A botanist wishes to estimate the typical number of seeds for a certain fruit. She samples 38 specimens and counts the number of seeds in each. Use her sample results (mean $=36.9$, standard deviation $=6.3$ ) to find the $99 \%$ confidence interval for the number of seeds for the species. Enter your answer as an open-interval (i.e., parentheses) accurate to one decimal place (because the sample statistics are reported accurate to one decimal place). \[ 99 \% \text { C.I. }=(34.1,39.7) \]

Step 1 ：The botanist has collected a sample of 38 specimens and counted the number of seeds in each. The mean number of seeds is 36.9 and the standard deviation is 6.3. She wants to estimate the typical number of seeds for this fruit species with a 99% confidence interval.
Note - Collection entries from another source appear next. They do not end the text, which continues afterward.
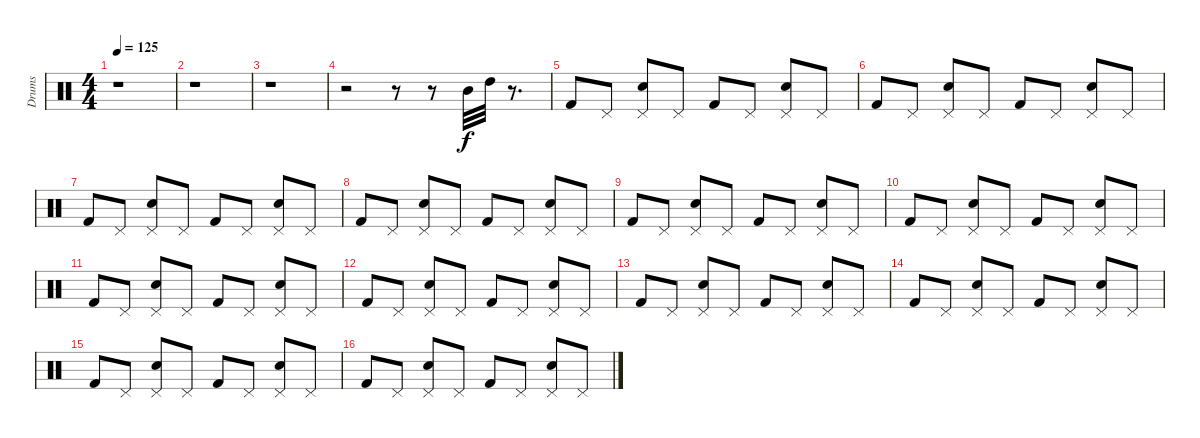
\track ("Drums" "Drums") {instrument percussion}
\staff {score}
\articulation defaults
\ts (4 4)
\tempo 125
\clef neutral
\ks c
r.1{dy f} |
r.1 |
r.1 |
r.2 r.8 r.8 "Mid Tom (hit)".32 "High Tom (hit)".32 r.8{d} |
"Kick (hit) 2".8 "Pedal Hi-Hat (hit)".8 ("Pedal Hi-Hat (hit)" "Electric Snare (hit)").8 "Pedal Hi-Hat (hit)".8 "Kick (hit) 2".8 "Pedal Hi-Hat (hit)".8 ("Pedal Hi-Hat (hit)" "Electric Snare (hit)").8 "Pedal Hi-Hat (hit)".8 |
"Kick (hit) 2".8 "Pedal Hi-Hat (hit)".8 ("Pedal Hi-Hat (hit)" "Electric Snare (hit)").8 "Pedal Hi-Hat (hit)".8 "Kick (hit) 2".8 "Pedal Hi-Hat (hit)".8 ("Pedal Hi-Hat (hit)" "Electric Snare (hit)").8 "Pedal Hi-Hat (hit)".8 |
"Kick (hit) 2".8 "Pedal Hi-Hat (hit)".8 ("Pedal Hi-Hat (hit)" "Electric Snare (hit)").8 "Pedal Hi-Hat (hit)".8 "Kick (hit) 2".8 "Pedal Hi-Hat (hit)".8 ("Pedal Hi-Hat (hit)" "Electric Snare (hit)").8 "Pedal Hi-Hat (hit)".8 |
"Kick (hit) 2".8 "Pedal Hi-Hat (hit)".8 ("Pedal Hi-Hat (hit)" "Electric Snare (hit)").8 "Pedal Hi-Hat (hit)".8 "Kick (hit) 2".8 "Pedal Hi-Hat (hit)".8 ("Pedal Hi-Hat (hit)" "Electric Snare (hit)").8 "Pedal Hi-Hat (hit)".8 |
"Kick (hit) 2".8 "Pedal Hi-Hat (hit)".8 ("Pedal Hi-Hat (hit)" "Electric Snare (hit)").8 "Pedal Hi-Hat (hit)".8 "Kick (hit) 2".8 "Pedal Hi-Hat (hit)".8 ("Pedal Hi-Hat (hit)" "Electric Snare (hit)").8 "Pedal Hi-Hat (hit)".8 |
"Kick (hit) 2".8 "Pedal Hi-Hat (hit)".8 ("Pedal Hi-Hat (hit)" "Electric Snare (hit)").8 "Pedal Hi-Hat (hit)".8 "Kick (hit) 2".8 "Pedal Hi-Hat (hit)".8 ("Pedal Hi-Hat (hit)" "Electric Snare (hit)").8 "Pedal Hi-Hat (hit)".8 |
"Kick (hit) 2".8 "Pedal Hi-Hat (hit)".8 ("Pedal Hi-Hat (hit)" "Electric Snare (hit)").8 "Pedal Hi-Hat (hit)".8 "Kick (hit) 2".8 "Pedal Hi-Hat (hit)".8 ("Pedal Hi-Hat (hit)" "Electric Snare (hit)").8 "Pedal Hi-Hat (hit)".8 |
"Kick (hit) 2".8 "Pedal Hi-Hat (hit)".8 ("Pedal Hi-Hat (hit)" "Electric Snare (hit)").8 "Pedal Hi-Hat (hit)".8 "Kick (hit) 2".8 "Pedal Hi-Hat (hit)".8 ("Pedal Hi-Hat (hit)" "Electric Snare (hit)").8 "Pedal Hi-Hat (hit)".8 |
"Kick (hit) 2".8 "Pedal Hi-Hat (hit)".8 ("Pedal Hi-Hat (hit)" "Electric Snare (hit)").8 "Pedal Hi-Hat (hit)".8 "Kick (hit) 2".8 "Pedal Hi-Hat (hit)".8 ("Pedal Hi-Hat (hit)" "Electric Snare (hit)").8 "Pedal Hi-Hat (hit)".8 |
"Kick (hit) 2".8 "Pedal Hi-Hat (hit)".8 ("Pedal Hi-Hat (hit)" "Electric Snare (hit)").8 "Pedal Hi-Hat (hit)".8 "Kick (hit) 2".8 "Pedal Hi-Hat (hit)".8 ("Pedal Hi-Hat (hit)" "Electric Snare (hit)").8 "Pedal Hi-Hat (hit)".8 |
"Kick (hit) 2".8 "Pedal Hi-Hat (hit)".8 ("Pedal Hi-Hat (hit)" "Electric Snare (hit)").8 "Pedal Hi-Hat (hit)".8 "Kick (hit) 2".8 "Pedal Hi-Hat (hit)".8 ("Pedal Hi-Hat (hit)" "Electric Snare (hit)").8 "Pedal Hi-Hat (hit)".8 |
"Kick (hit) 2".8 "Pedal Hi-Hat (hit)".8 ("Pedal Hi-Hat (hit)" "Electric Snare (hit)").8 "Pedal Hi-Hat (hit)".8 "Kick (hit) 2".8 "Pedal Hi-Hat (hit)".8 ("Pedal Hi-Hat (hit)" "Electric Snare (hit)").8 "Pedal Hi-Hat (hit)".8

Step 2 ：The formula for a confidence interval is \(\text{mean} \pm \left( Z \times \frac{\text{standard deviation}}{\sqrt{\text{sample size}}}\right)\), where Z is the Z-score for the desired confidence level.

Step 3 ：For a 99% confidence level, the Z-score is approximately 2.576.

Step 4 ：Substituting the given values into the formula, we get \(36.9 \pm \left( 2.576 \times \frac{6.3}{\sqrt{38}}\right)\).

Step 5 ：Calculating the margin of error, we get approximately 2.632658999246919.

Step 6 ：Subtracting and adding this margin of error from the mean, we get the confidence interval as \((36.9 - 2.632658999246919, 36.9 + 2.632658999246919)\), which simplifies to \((34.3, 39.5)\).

Step 7 ：Final Answer: The 99% confidence interval for the number of seeds for the species is \(\boxed{(34.3, 39.5)}\).